**What you have to do**: Below are records; reply with nothing but the number of lines in them that contain "each".

[Source records]
>>>
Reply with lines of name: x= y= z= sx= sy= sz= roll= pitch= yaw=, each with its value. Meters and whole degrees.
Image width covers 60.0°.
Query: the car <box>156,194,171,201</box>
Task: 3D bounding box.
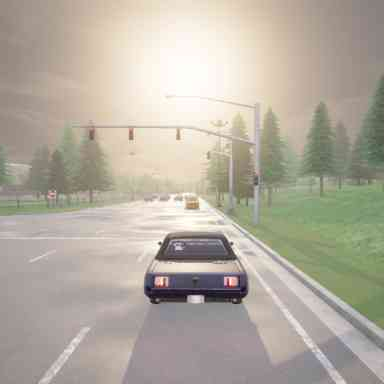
car: x=-6.872 y=1.531 z=80.377 sx=2.033 sy=1.411 sz=5.357 roll=0 pitch=0 yaw=0

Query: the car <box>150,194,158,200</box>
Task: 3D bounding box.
car: x=-10.355 y=1.332 z=90.802 sx=1.837 sy=1.490 sz=4.892 roll=0 pitch=0 yaw=0

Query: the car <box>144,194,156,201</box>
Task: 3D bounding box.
car: x=-10.372 y=1.531 z=80.382 sx=2.033 sy=1.411 sz=5.357 roll=0 pitch=0 yaw=0

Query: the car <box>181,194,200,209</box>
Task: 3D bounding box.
car: x=-0.063 y=1.088 z=46.246 sx=1.882 sy=1.535 sz=5.008 roll=-3 pitch=17 yaw=-4

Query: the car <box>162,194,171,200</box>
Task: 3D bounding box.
car: x=-6.855 y=1.372 z=90.797 sx=2.033 sy=1.411 sz=5.357 roll=0 pitch=0 yaw=0

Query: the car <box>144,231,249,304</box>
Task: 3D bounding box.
car: x=0.092 y=1.601 z=8.078 sx=1.895 sy=1.301 sz=4.718 roll=0 pitch=0 yaw=0

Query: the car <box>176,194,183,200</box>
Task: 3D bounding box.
car: x=-3.355 y=1.357 z=90.791 sx=1.812 sy=1.442 sz=4.674 roll=0 pitch=0 yaw=0

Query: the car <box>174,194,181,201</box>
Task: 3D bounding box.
car: x=-3.371 y=1.545 z=80.788 sx=1.994 sy=1.385 sz=4.181 roll=0 pitch=0 yaw=0

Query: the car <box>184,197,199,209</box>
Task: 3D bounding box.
car: x=0.008 y=1.576 z=49.746 sx=2.033 sy=1.411 sz=5.357 roll=-1 pitch=1 yaw=1
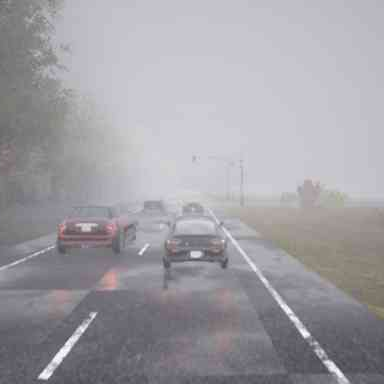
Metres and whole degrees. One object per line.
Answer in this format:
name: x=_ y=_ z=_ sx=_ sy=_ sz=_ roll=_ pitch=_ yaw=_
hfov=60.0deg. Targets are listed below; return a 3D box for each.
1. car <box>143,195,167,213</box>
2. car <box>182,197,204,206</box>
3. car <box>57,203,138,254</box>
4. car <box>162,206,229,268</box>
car: x=-3.413 y=1.057 z=31.231 sx=1.882 sy=1.535 sz=5.008 roll=0 pitch=1 yaw=0
car: x=0.092 y=1.139 z=28.750 sx=1.812 sy=1.442 sz=4.674 roll=0 pitch=1 yaw=0
car: x=-3.406 y=1.179 z=12.849 sx=2.097 sy=1.767 sz=4.553 roll=0 pitch=1 yaw=0
car: x=0.095 y=1.383 z=10.667 sx=1.812 sy=1.442 sz=4.674 roll=0 pitch=0 yaw=0
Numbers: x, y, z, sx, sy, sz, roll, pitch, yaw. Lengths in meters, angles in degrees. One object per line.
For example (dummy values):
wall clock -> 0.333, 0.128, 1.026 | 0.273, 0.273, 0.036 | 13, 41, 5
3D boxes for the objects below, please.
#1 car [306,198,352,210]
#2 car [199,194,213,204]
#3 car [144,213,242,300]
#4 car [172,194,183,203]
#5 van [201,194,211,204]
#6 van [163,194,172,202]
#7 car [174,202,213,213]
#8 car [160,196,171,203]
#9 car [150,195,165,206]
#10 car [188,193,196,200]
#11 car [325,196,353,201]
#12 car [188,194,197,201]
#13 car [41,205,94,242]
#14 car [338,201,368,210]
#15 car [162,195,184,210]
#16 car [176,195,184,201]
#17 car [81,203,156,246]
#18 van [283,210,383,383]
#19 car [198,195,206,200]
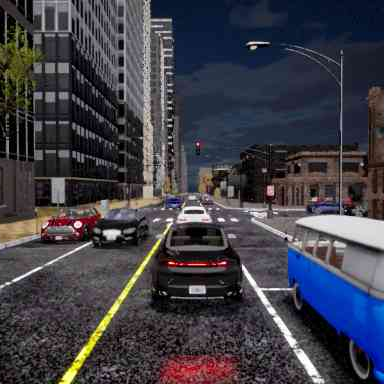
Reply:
car -> 14.850, 1.684, 36.849 | 4.181, 1.385, 1.994 | 1, 1, 1
car -> 2.732, 1.425, 59.712 | 1.967, 1.590, 4.097 | -1, 0, 0
car -> 0.105, 1.502, 8.382 | 1.837, 1.490, 4.892 | 0, 0, 0
car -> -2.935, 1.336, 69.447 | 2.097, 1.767, 4.553 | 0, 0, 0
van -> 2.736, 1.325, 65.356 | 1.690, 1.788, 3.998 | -1, 0, 0
van -> -5.601, 1.323, 76.707 | 1.690, 1.788, 3.998 | -1, 0, 0
car -> 0.111, 1.520, 18.739 | 1.812, 1.442, 4.674 | 0, 0, 0
car -> -5.603, 1.549, 71.063 | 1.947, 1.339, 4.313 | -1, 0, 0
car -> -5.790, 1.512, 53.960 | 1.752, 1.417, 4.829 | -1, 0, 0
car -> 0.084, 1.257, 91.027 | 2.097, 1.767, 4.553 | 0, 0, 0
car -> 16.563, 1.411, 39.410 | 5.009, 1.841, 2.192 | 1, 0, 1
car -> 0.075, 1.504, 81.023 | 1.812, 1.442, 4.674 | 0, 0, 0
car -> -5.689, 1.435, 16.183 | 1.967, 1.590, 4.097 | -1, 0, 0
car -> 16.446, 1.793, 31.034 | 4.313, 1.339, 1.947 | 1, 0, 1
car -> -2.496, 1.513, 43.702 | 1.812, 1.442, 4.674 | 0, 0, -8
car -> -2.923, 1.526, 82.087 | 1.994, 1.385, 4.181 | 0, 0, 0
car -> -3.088, 1.487, 15.207 | 2.128, 1.511, 4.902 | 0, 0, 0
van -> 2.680, 1.340, 5.091 | 1.690, 1.788, 3.998 | -1, 0, 0
car -> 2.765, 1.531, 93.576 | 2.008, 1.369, 4.403 | -1, 0, 0
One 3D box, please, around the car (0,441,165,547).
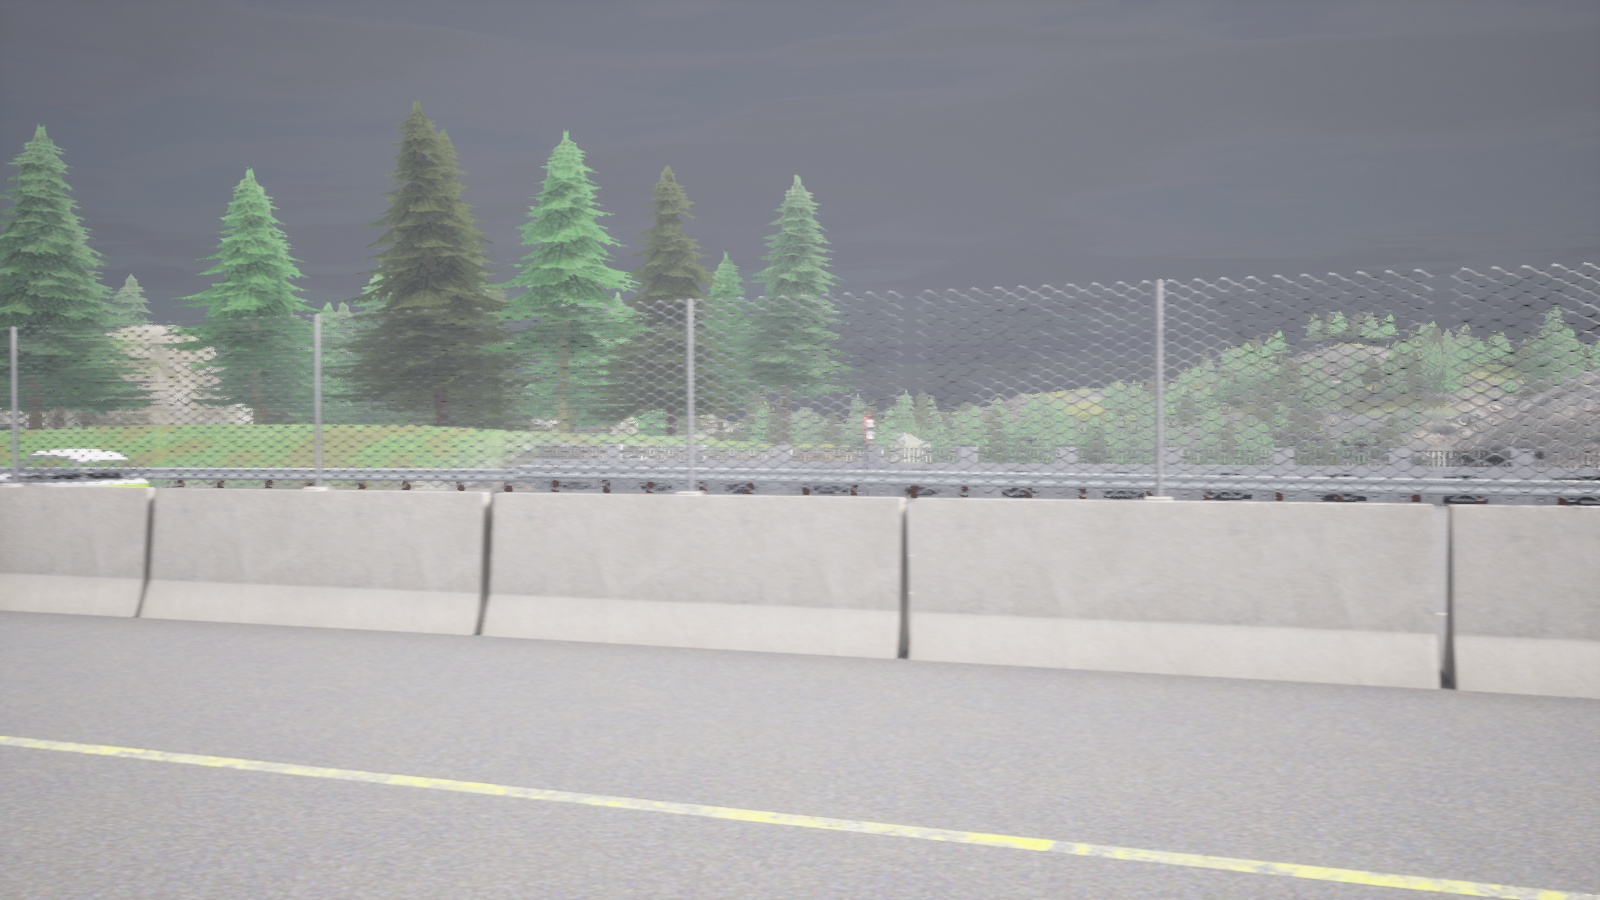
[{"bbox_3d":[-10.451,0.581,17.788,2.207,1.376,1.481,1,1,19],"label":"car"}]
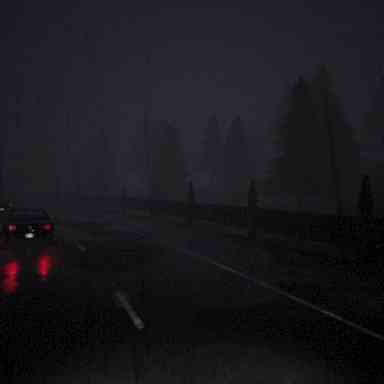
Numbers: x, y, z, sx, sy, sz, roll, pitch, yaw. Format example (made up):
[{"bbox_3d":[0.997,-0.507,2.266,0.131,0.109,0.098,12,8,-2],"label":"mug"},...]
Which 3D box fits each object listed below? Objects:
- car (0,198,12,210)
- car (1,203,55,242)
[{"bbox_3d":[-17.540,1.142,30.108,1.895,1.301,4.718,1,0,-38],"label":"car"},{"bbox_3d":[-7.470,1.404,15.090,1.895,1.301,4.718,1,0,-29],"label":"car"}]
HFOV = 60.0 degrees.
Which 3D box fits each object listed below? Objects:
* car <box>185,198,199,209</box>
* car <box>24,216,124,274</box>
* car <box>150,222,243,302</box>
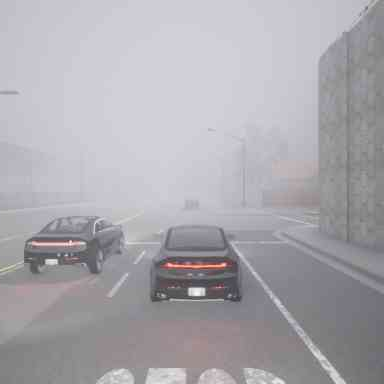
[{"bbox_3d":[-0.022,1.492,44.232,2.128,1.511,4.902,0,0,0],"label":"car"},{"bbox_3d":[-3.429,1.492,10.533,2.128,1.511,4.902,0,0,0],"label":"car"},{"bbox_3d":[0.078,1.505,8.265,1.837,1.490,4.892,0,0,0],"label":"car"}]
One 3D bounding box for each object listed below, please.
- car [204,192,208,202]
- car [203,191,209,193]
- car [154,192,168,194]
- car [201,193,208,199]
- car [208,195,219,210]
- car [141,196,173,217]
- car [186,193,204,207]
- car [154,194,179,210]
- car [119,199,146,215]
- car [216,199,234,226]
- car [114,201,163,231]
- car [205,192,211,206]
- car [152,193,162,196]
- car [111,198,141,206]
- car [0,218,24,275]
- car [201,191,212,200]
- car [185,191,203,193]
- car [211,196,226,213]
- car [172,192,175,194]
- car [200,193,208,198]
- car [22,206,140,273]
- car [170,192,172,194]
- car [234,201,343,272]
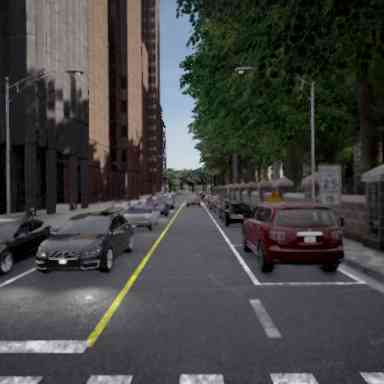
<<<
**Answer section**: 5